I'm trying to understand the right procedure for making cuts in max-flow min-cut problems.
In this network here https://i.stack.imgur.com/SornO.png with the dashed cut through the middle, when working out the capacity of this cut, you would not include the capacity 9 of the $v_3$ to $v_2$ edge, because it is going backwards towards S (though, if you would count the -4 if you were working out how much actual flow you were interrupting). This I understand.

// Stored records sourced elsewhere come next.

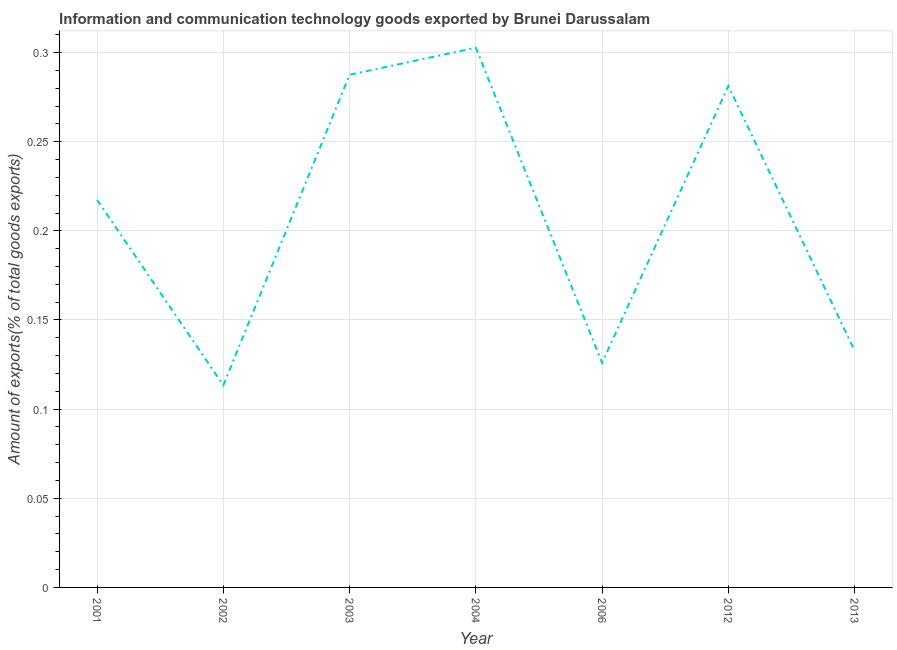What is the amount of ict goods exports in 2013?
Your answer should be very brief. 0.13. Across all years, what is the maximum amount of ict goods exports?
Provide a succinct answer. 0.3. Across all years, what is the minimum amount of ict goods exports?
Provide a short and direct response. 0.11. In which year was the amount of ict goods exports minimum?
Offer a terse response. 2002. What is the sum of the amount of ict goods exports?
Offer a very short reply. 1.46. What is the difference between the amount of ict goods exports in 2001 and 2004?
Your answer should be compact. -0.09. What is the average amount of ict goods exports per year?
Your response must be concise. 0.21. What is the median amount of ict goods exports?
Make the answer very short. 0.22. In how many years, is the amount of ict goods exports greater than 0.26 %?
Make the answer very short. 3. What is the ratio of the amount of ict goods exports in 2003 to that in 2004?
Ensure brevity in your answer.  0.95. What is the difference between the highest and the second highest amount of ict goods exports?
Offer a terse response. 0.02. Is the sum of the amount of ict goods exports in 2004 and 2013 greater than the maximum amount of ict goods exports across all years?
Make the answer very short. Yes. What is the difference between the highest and the lowest amount of ict goods exports?
Keep it short and to the point. 0.19. In how many years, is the amount of ict goods exports greater than the average amount of ict goods exports taken over all years?
Provide a succinct answer. 4. Does the amount of ict goods exports monotonically increase over the years?
Offer a terse response. No. How many lines are there?
Your answer should be very brief. 1. How many years are there in the graph?
Ensure brevity in your answer.  7. Does the graph contain any zero values?
Your answer should be very brief. No. Does the graph contain grids?
Your answer should be compact. Yes. What is the title of the graph?
Provide a short and direct response. Information and communication technology goods exported by Brunei Darussalam. What is the label or title of the Y-axis?
Offer a very short reply. Amount of exports(% of total goods exports). What is the Amount of exports(% of total goods exports) in 2001?
Offer a terse response. 0.22. What is the Amount of exports(% of total goods exports) of 2002?
Provide a succinct answer. 0.11. What is the Amount of exports(% of total goods exports) of 2003?
Provide a short and direct response. 0.29. What is the Amount of exports(% of total goods exports) in 2004?
Offer a very short reply. 0.3. What is the Amount of exports(% of total goods exports) in 2006?
Offer a very short reply. 0.13. What is the Amount of exports(% of total goods exports) in 2012?
Provide a short and direct response. 0.28. What is the Amount of exports(% of total goods exports) in 2013?
Keep it short and to the point. 0.13. What is the difference between the Amount of exports(% of total goods exports) in 2001 and 2002?
Your answer should be very brief. 0.1. What is the difference between the Amount of exports(% of total goods exports) in 2001 and 2003?
Offer a very short reply. -0.07. What is the difference between the Amount of exports(% of total goods exports) in 2001 and 2004?
Offer a terse response. -0.09. What is the difference between the Amount of exports(% of total goods exports) in 2001 and 2006?
Make the answer very short. 0.09. What is the difference between the Amount of exports(% of total goods exports) in 2001 and 2012?
Your answer should be compact. -0.06. What is the difference between the Amount of exports(% of total goods exports) in 2001 and 2013?
Provide a succinct answer. 0.08. What is the difference between the Amount of exports(% of total goods exports) in 2002 and 2003?
Ensure brevity in your answer.  -0.17. What is the difference between the Amount of exports(% of total goods exports) in 2002 and 2004?
Offer a terse response. -0.19. What is the difference between the Amount of exports(% of total goods exports) in 2002 and 2006?
Your response must be concise. -0.01. What is the difference between the Amount of exports(% of total goods exports) in 2002 and 2012?
Keep it short and to the point. -0.17. What is the difference between the Amount of exports(% of total goods exports) in 2002 and 2013?
Offer a terse response. -0.02. What is the difference between the Amount of exports(% of total goods exports) in 2003 and 2004?
Keep it short and to the point. -0.02. What is the difference between the Amount of exports(% of total goods exports) in 2003 and 2006?
Your response must be concise. 0.16. What is the difference between the Amount of exports(% of total goods exports) in 2003 and 2012?
Make the answer very short. 0.01. What is the difference between the Amount of exports(% of total goods exports) in 2003 and 2013?
Offer a terse response. 0.15. What is the difference between the Amount of exports(% of total goods exports) in 2004 and 2006?
Provide a succinct answer. 0.18. What is the difference between the Amount of exports(% of total goods exports) in 2004 and 2012?
Ensure brevity in your answer.  0.02. What is the difference between the Amount of exports(% of total goods exports) in 2004 and 2013?
Provide a succinct answer. 0.17. What is the difference between the Amount of exports(% of total goods exports) in 2006 and 2012?
Your response must be concise. -0.16. What is the difference between the Amount of exports(% of total goods exports) in 2006 and 2013?
Make the answer very short. -0.01. What is the difference between the Amount of exports(% of total goods exports) in 2012 and 2013?
Make the answer very short. 0.15. What is the ratio of the Amount of exports(% of total goods exports) in 2001 to that in 2002?
Keep it short and to the point. 1.92. What is the ratio of the Amount of exports(% of total goods exports) in 2001 to that in 2003?
Offer a terse response. 0.76. What is the ratio of the Amount of exports(% of total goods exports) in 2001 to that in 2004?
Make the answer very short. 0.72. What is the ratio of the Amount of exports(% of total goods exports) in 2001 to that in 2006?
Your response must be concise. 1.73. What is the ratio of the Amount of exports(% of total goods exports) in 2001 to that in 2012?
Make the answer very short. 0.77. What is the ratio of the Amount of exports(% of total goods exports) in 2001 to that in 2013?
Your answer should be compact. 1.64. What is the ratio of the Amount of exports(% of total goods exports) in 2002 to that in 2003?
Give a very brief answer. 0.39. What is the ratio of the Amount of exports(% of total goods exports) in 2002 to that in 2012?
Ensure brevity in your answer.  0.4. What is the ratio of the Amount of exports(% of total goods exports) in 2002 to that in 2013?
Provide a succinct answer. 0.85. What is the ratio of the Amount of exports(% of total goods exports) in 2003 to that in 2006?
Ensure brevity in your answer.  2.28. What is the ratio of the Amount of exports(% of total goods exports) in 2003 to that in 2012?
Your response must be concise. 1.02. What is the ratio of the Amount of exports(% of total goods exports) in 2003 to that in 2013?
Offer a terse response. 2.17. What is the ratio of the Amount of exports(% of total goods exports) in 2004 to that in 2006?
Give a very brief answer. 2.4. What is the ratio of the Amount of exports(% of total goods exports) in 2004 to that in 2012?
Provide a short and direct response. 1.08. What is the ratio of the Amount of exports(% of total goods exports) in 2004 to that in 2013?
Give a very brief answer. 2.28. What is the ratio of the Amount of exports(% of total goods exports) in 2006 to that in 2012?
Make the answer very short. 0.45. What is the ratio of the Amount of exports(% of total goods exports) in 2006 to that in 2013?
Ensure brevity in your answer.  0.95. What is the ratio of the Amount of exports(% of total goods exports) in 2012 to that in 2013?
Your response must be concise. 2.12.

But, I was told that if you were to make a cut say across edges $(v_3,t), (v_4,v_3), (v_2, v_4)$ you in fact don't count the capacity - and I think not even the flow, though please correct me if I'm wrong - of edge $(v_4, v_3)$ - why? How am I supposed to know which edges that I cut across to exclude from the calculations?
Is it because, if I were to cut all 3 of those edges, because all the edges supplying $v_4$ have been cut (namely $(v_2,v_4)$ ) then all edges leaving v4 are now defacto 'empty'?
If I'm right, then if I were to make a cut along $(s, v_2), (v_2,v_1)$ and $(v_1,v_3)$ then I wouldn't count $(v_2,v_1)$, since all edges supplying $v_2$ are already, so any capacity potentially leaving $v_2$ is already accounted for with another cut? Is this right - if not, what's the understanding behind this/procedure to follow?
Thanks very much, indeed!
Edit for future readers: it was the insightful comments supporting the accepted answer that brought it together for me, so check those out for the full explanation.
A cut in a network isn't a line drawn through the picture. It is a partition of the vertices into two sets, $S$ and $T$, such that the source is in $S$ and the sink is in $T$. Then the capacity of a cut is the sum of the capacities of all the edges that go from a vertex in $S$ to a vertex in $T$.